On 2/10/2014 04:16, Peter Rosin wrote:
On 2014-02-10 10:02, Warren Young wrote:
there *has* to be a better way than strings(1) to extract an EXE's list of DLL
imports.
objdump -x /bin/foo.exe
Thank you!
-x turns on 6 other flags, the only one of which that really matters
here is -p. The output is complex enough that I decided to write a
better parser than a grep call.

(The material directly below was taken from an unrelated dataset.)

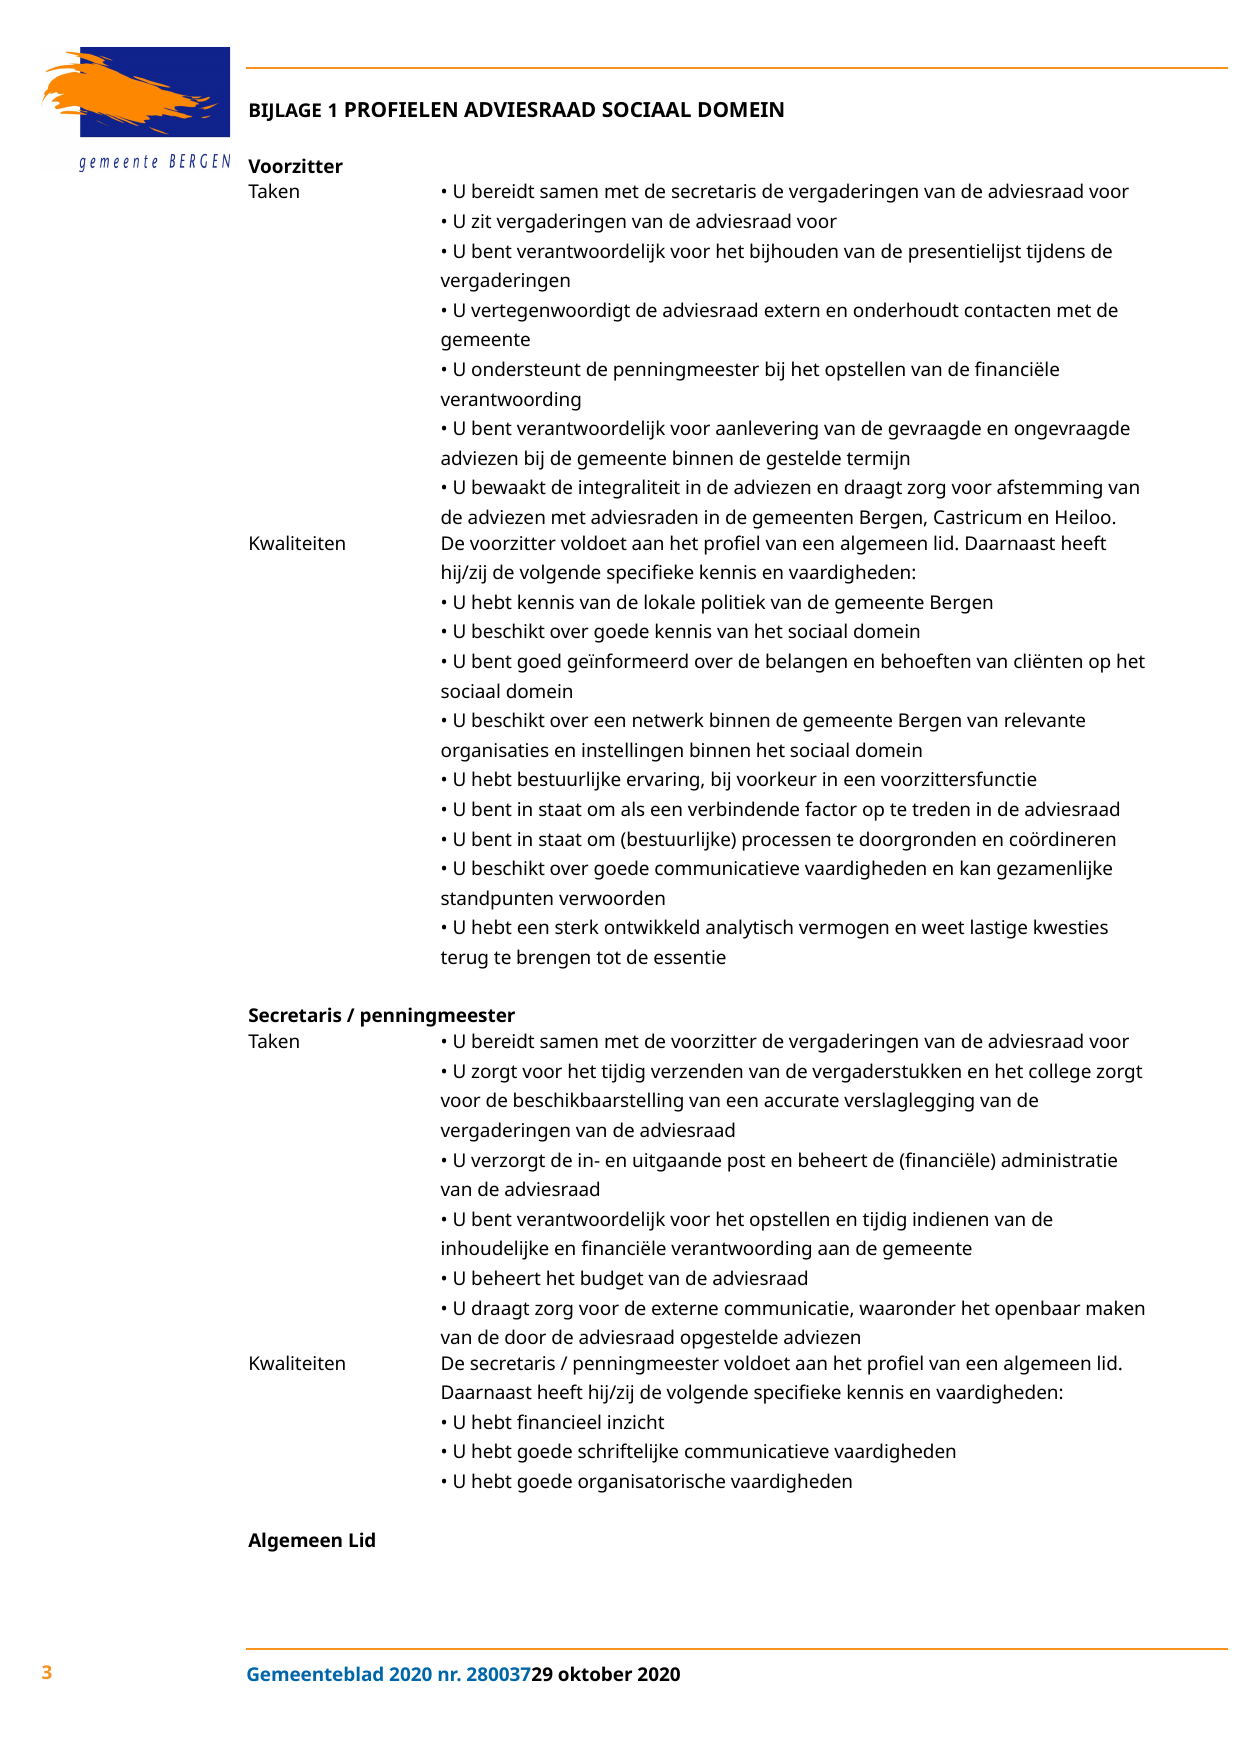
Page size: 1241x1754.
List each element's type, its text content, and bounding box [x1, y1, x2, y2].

Here's my new checkfile script:
#!/usr/bin/perl -w
my ($exe, $symbol) = @ARGV;
my $in_cygdll = 0;
die "usage: $0 exename symbol\n" unless length($symbol);
open my $dump, '-|', "objdump -p '$exe'" or die "Can't dump $exe: $!\n";
while (<$dump>) {
if (m/DLL Name: cygwin1.dll/) {
$in_cygdll = 1;
}
elsif (m/DLL Name: /) {
last; # Last cygwin1.dll symbol found; on to another DLL
}
elsif ($in_cygdll) {
my @parts = split;
if (@parts == 3 and $parts[2] eq $symbol) {
print "$exe\n";
last;
}
}
}
Run it like before, except that it takes the import name to search for
as a second parameter now:
$ find /bin -name \*.exe -exec ./checkfile {} getpwent \;
I don't have my "almost everything" Cygwin install here to run it
against, so unless someone beats me to it, I won't be posting results
for many hours at least.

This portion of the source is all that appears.